Я вцепилась в перстень: простой на вид, но не менее ценный, чем у графа. Легкое вращение — Крон умрет. Он даже с места не сдвинется, ни единого звука не издаст. Черное удушение: удушение — понятно, а черное… Лира сказала, что маги видят путы черного цвета. К сожалению, я не маг, иначе давно сбежала бы из этого дома умалишенных.
В мои мысли прорвался вкрадчивый голос:
— Леди, я не готов умереть, — Крон улыбнулся. От небольшой заминки я стиснула зубы так сильно, что челюсть свело. — И вы правы — я могу изменить ваше имя, помочь покинуть Астарию, но… — глянул в сторону окна и замолчал.
И к ведунье идти не надо — глумится. До него дошло, насколько я зависима от его решения. Почему же теперь не поиграть с запуганной мышкой? Понимает, что если он умрет, то его жизненные тяготы просто оборвутся, а мои только начнутся. Дороги назад нет, я раскрыла себя и попросила помощи. Я должна была убить Лимиона, а вместо этого предала свою семью. Охрана и слуги видели меня. Как скоро слухи о моем ночном визите в дом Крона распространятся по Сабийну? Два-три дня — и о моем предательстве станет известно Дезант. Конечно, есть вероятность, что догадка осенит их уже утром, когда я не вернусь с задания. От активных действий их будет сдерживать только надежда, что меня убили.
Я сипло подстегнула графа продолжить разговор:
— Но…
Он еще немного помолчал, теперь уже внимательно рассматривая меня. Может, сам пока не решил, как поступить, обдумывал.
— Но я не всемогущ. Чем дальше вы окажетесь от Астарии, тем сложнее будет помочь вам устроиться на новом месте. Еще я не могу сделать так, чтобы вы исчезли без вести.
Граф поднялся и направился к полке, заставленной бутылками с дорогими напитками.
— Что-то будете?
— Да, не откажусь от коньяка, — прохрипела я. — Какие проблемы с моим исчезновением?
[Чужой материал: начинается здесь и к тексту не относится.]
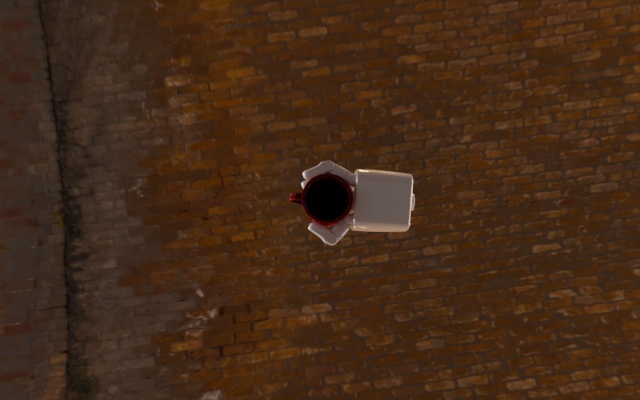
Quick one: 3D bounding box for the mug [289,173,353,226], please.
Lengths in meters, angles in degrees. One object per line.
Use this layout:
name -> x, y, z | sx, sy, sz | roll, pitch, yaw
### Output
mug -> -0.001, 0.003, 0.895 | 0.117, 0.093, 0.081 | 4, -11, 0
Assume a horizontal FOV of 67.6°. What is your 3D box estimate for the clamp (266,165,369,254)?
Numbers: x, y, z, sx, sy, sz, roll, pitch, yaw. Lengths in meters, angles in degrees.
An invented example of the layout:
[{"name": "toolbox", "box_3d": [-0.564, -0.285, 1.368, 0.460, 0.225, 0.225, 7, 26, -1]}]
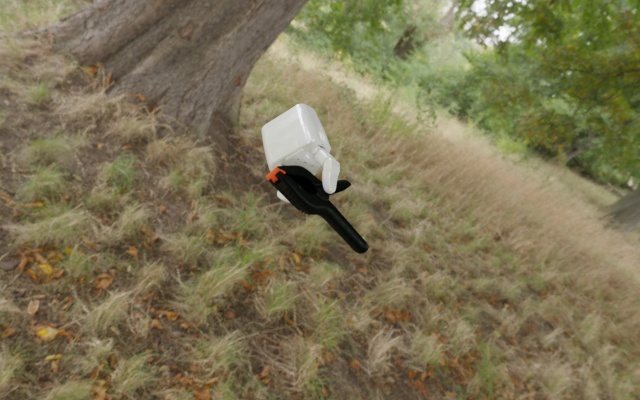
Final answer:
[{"name": "clamp", "box_3d": [0.000, 0.002, 0.807, 0.210, 0.164, 0.036, 22, -52, -42]}]
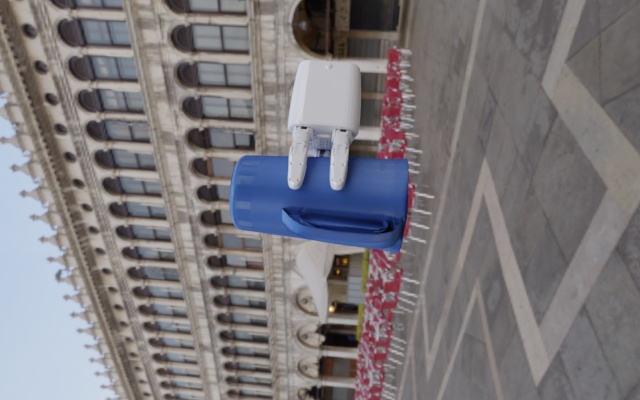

Он не ответил, будто не услышал вопроса. Неспешно перебирал бутылки, остановился на пузатой и опустошенной наполовину. Поставил ее на стол и медленно прошел к шкафу. Открыл дверцу, испещренную витиеватыми узорами. Вытащил два бокала, осмотрел их, словно убеждался, что на них нет пыли. И, наконец-то, заговорил, возвращаясь к столу:
— Не совсем проблемы. Скорее нам выгодней, чтобы ваши опекуны знали, что вы бежали с моей помощью, чем верили в то, что я вас убил.
Я нахмурилась, а он покачал головой, видимо, осуждая меня за несообразительность. Неужели любая эмоция сейчас отчетливо заметна на моем лице? Слишком взволнована. Я не успела кивнуть, как поняла — не о моей выгоде речь.